July 18, 2007

The Mad Scientist



I try to be objective about the art and the artists that I cover in this blog. When it comes to Tim Hawkinson though, I cannot hide my excitement. It's because his work really helped me make sense of contemporary art when I first viewed his retrospective at the Whitney a couple of years ago. Since then, I had been craving to see his newer work. Last may in New York, I got the chance.
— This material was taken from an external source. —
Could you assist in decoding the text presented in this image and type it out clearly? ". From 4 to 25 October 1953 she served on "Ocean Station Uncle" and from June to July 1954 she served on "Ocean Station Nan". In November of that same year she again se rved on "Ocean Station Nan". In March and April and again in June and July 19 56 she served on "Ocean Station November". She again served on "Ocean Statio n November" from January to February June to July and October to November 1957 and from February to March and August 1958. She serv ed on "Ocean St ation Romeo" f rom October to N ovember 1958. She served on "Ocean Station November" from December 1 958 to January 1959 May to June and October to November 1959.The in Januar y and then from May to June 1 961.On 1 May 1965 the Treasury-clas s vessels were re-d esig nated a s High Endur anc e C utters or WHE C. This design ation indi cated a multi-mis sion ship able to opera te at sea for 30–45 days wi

His latest exhibit, How Man is Knit, was shown at the Pace Wildenstein Gallery in Chelsea. Tim Hawkinson is like a mad scientist. He tinkers with materials and objects to create either banal objects or complex structures that are automated and mechanized. He will motorize a string of hair on a brush to tell time, create a musical instrument out of found objects, weave an extension cord into a pair of shorts, and so on. He is also obsessed with his body. He will photograph his body from different angles, and collage them into octopus-like figures; he will create a miniature skeleton of a bird out of his nail clippings.
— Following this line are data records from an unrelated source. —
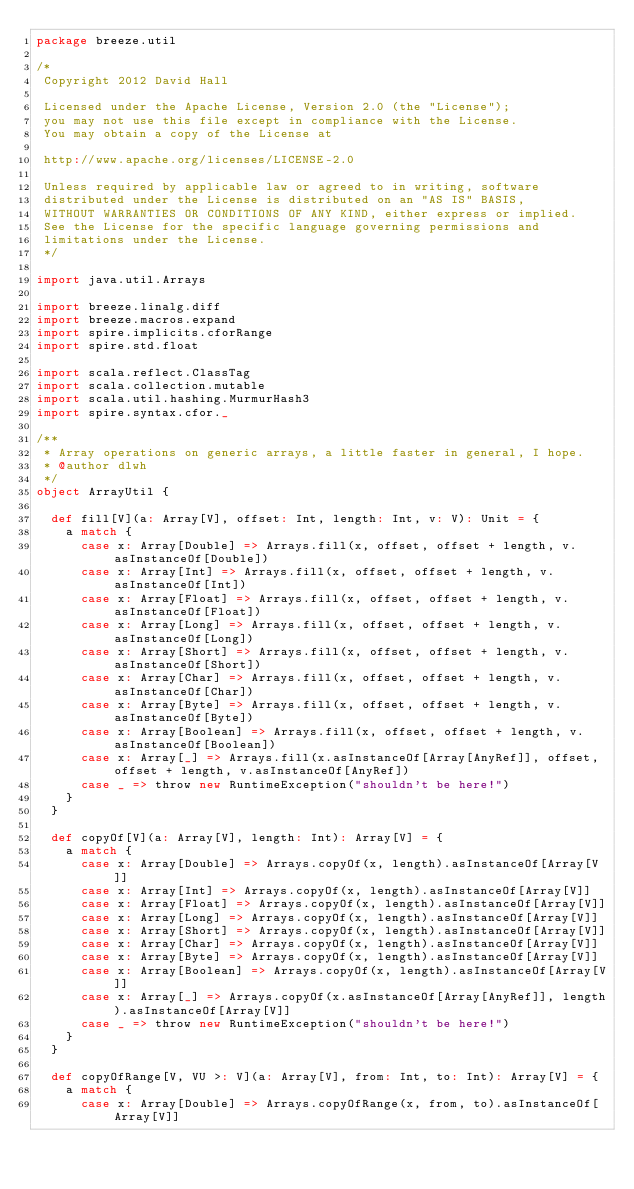<code> <loc_0><loc_0><loc_500><loc_500><_Scala_>package breeze.util

/*
 Copyright 2012 David Hall

 Licensed under the Apache License, Version 2.0 (the "License");
 you may not use this file except in compliance with the License.
 You may obtain a copy of the License at

 http://www.apache.org/licenses/LICENSE-2.0

 Unless required by applicable law or agreed to in writing, software
 distributed under the License is distributed on an "AS IS" BASIS,
 WITHOUT WARRANTIES OR CONDITIONS OF ANY KIND, either express or implied.
 See the License for the specific language governing permissions and
 limitations under the License.
 */

import java.util.Arrays

import breeze.linalg.diff
import breeze.macros.expand
import spire.implicits.cforRange
import spire.std.float

import scala.reflect.ClassTag
import scala.collection.mutable
import scala.util.hashing.MurmurHash3
import spire.syntax.cfor._

/**
 * Array operations on generic arrays, a little faster in general, I hope.
 * @author dlwh
 */
object ArrayUtil {

  def fill[V](a: Array[V], offset: Int, length: Int, v: V): Unit = {
    a match {
      case x: Array[Double] => Arrays.fill(x, offset, offset + length, v.asInstanceOf[Double])
      case x: Array[Int] => Arrays.fill(x, offset, offset + length, v.asInstanceOf[Int])
      case x: Array[Float] => Arrays.fill(x, offset, offset + length, v.asInstanceOf[Float])
      case x: Array[Long] => Arrays.fill(x, offset, offset + length, v.asInstanceOf[Long])
      case x: Array[Short] => Arrays.fill(x, offset, offset + length, v.asInstanceOf[Short])
      case x: Array[Char] => Arrays.fill(x, offset, offset + length, v.asInstanceOf[Char])
      case x: Array[Byte] => Arrays.fill(x, offset, offset + length, v.asInstanceOf[Byte])
      case x: Array[Boolean] => Arrays.fill(x, offset, offset + length, v.asInstanceOf[Boolean])
      case x: Array[_] => Arrays.fill(x.asInstanceOf[Array[AnyRef]], offset, offset + length, v.asInstanceOf[AnyRef])
      case _ => throw new RuntimeException("shouldn't be here!")
    }
  }

  def copyOf[V](a: Array[V], length: Int): Array[V] = {
    a match {
      case x: Array[Double] => Arrays.copyOf(x, length).asInstanceOf[Array[V]]
      case x: Array[Int] => Arrays.copyOf(x, length).asInstanceOf[Array[V]]
      case x: Array[Float] => Arrays.copyOf(x, length).asInstanceOf[Array[V]]
      case x: Array[Long] => Arrays.copyOf(x, length).asInstanceOf[Array[V]]
      case x: Array[Short] => Arrays.copyOf(x, length).asInstanceOf[Array[V]]
      case x: Array[Char] => Arrays.copyOf(x, length).asInstanceOf[Array[V]]
      case x: Array[Byte] => Arrays.copyOf(x, length).asInstanceOf[Array[V]]
      case x: Array[Boolean] => Arrays.copyOf(x, length).asInstanceOf[Array[V]]
      case x: Array[_] => Arrays.copyOf(x.asInstanceOf[Array[AnyRef]], length).asInstanceOf[Array[V]]
      case _ => throw new RuntimeException("shouldn't be here!")
    }
  }

  def copyOfRange[V, VU >: V](a: Array[V], from: Int, to: Int): Array[V] = {
    a match {
      case x: Array[Double] => Arrays.copyOfRange(x, from, to).asInstanceOf[Array[V]]</code>

This exhibit, with a very fitting name, extends his obsessions and painstakingly labor-intensive work into great display.
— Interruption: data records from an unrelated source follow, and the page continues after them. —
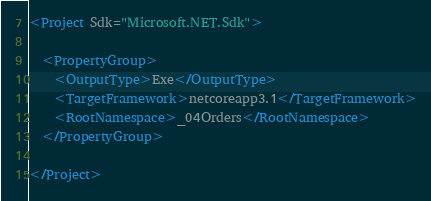<code> <loc_0><loc_0><loc_500><loc_500><_XML_><Project Sdk="Microsoft.NET.Sdk">

  <PropertyGroup>
    <OutputType>Exe</OutputType>
    <TargetFramework>netcoreapp3.1</TargetFramework>
    <RootNamespace>_04Orders</RootNamespace>
  </PropertyGroup>

</Project>
</code>

First work that greets visitors is Foot Print. According to the catalog, Hawkinson put white pigment powder on the bottom of his foot and scanned it. He then projected the scanned image onto a very large piece of silver polyester material with a cotton lining, and traced the network of ridges, crests and folds on the image of his sole. He then used a quilter's sewing machine to sew on the tracing to create this map of his own foot on a large scale.



You can make out his foot from afar, and as you get close (as below), you get to appreciate the long and detailed manual work that went into it.



Hawkinson is a great conceptual thinker; he is not afraid of working with any material to execute his vision. And the method by which he executes his vision inspires awe in the viewer. He does not repeat himself; he keeps exploring new materials and processes to realize his vision.

In Deposition, as I captured in the video below, he motorized a large tree branch with a beaded chain moving up and down, setting off a whistle. The beads look like an army of ants crawling up and down the branch in unison.



In Gimbled Klein Basket, below, Tim Hawkinson weaves bamboo into a three-dimensional basket that rotates. It is conceived after German mathematician Felix Klein's model exploring the fourth dimension as he described it in 1882. This form has an outside that turns back on the inside and back out again, exploring infinity. Here the artist surprises the viewer with a metaphysical model conceived with a most natural material, bamboo.




This piece follows a set of photographs (not pictured) that were hanging in the room next door. They were images of his nostrils and ear canals that were collaged together to form entirely different images. The depths of the ear canal may have led him to Klein's bottle to conceive this piece.

Experiencing art, math, physics, photography, sewing, all in one exhibit? Now that's a good show!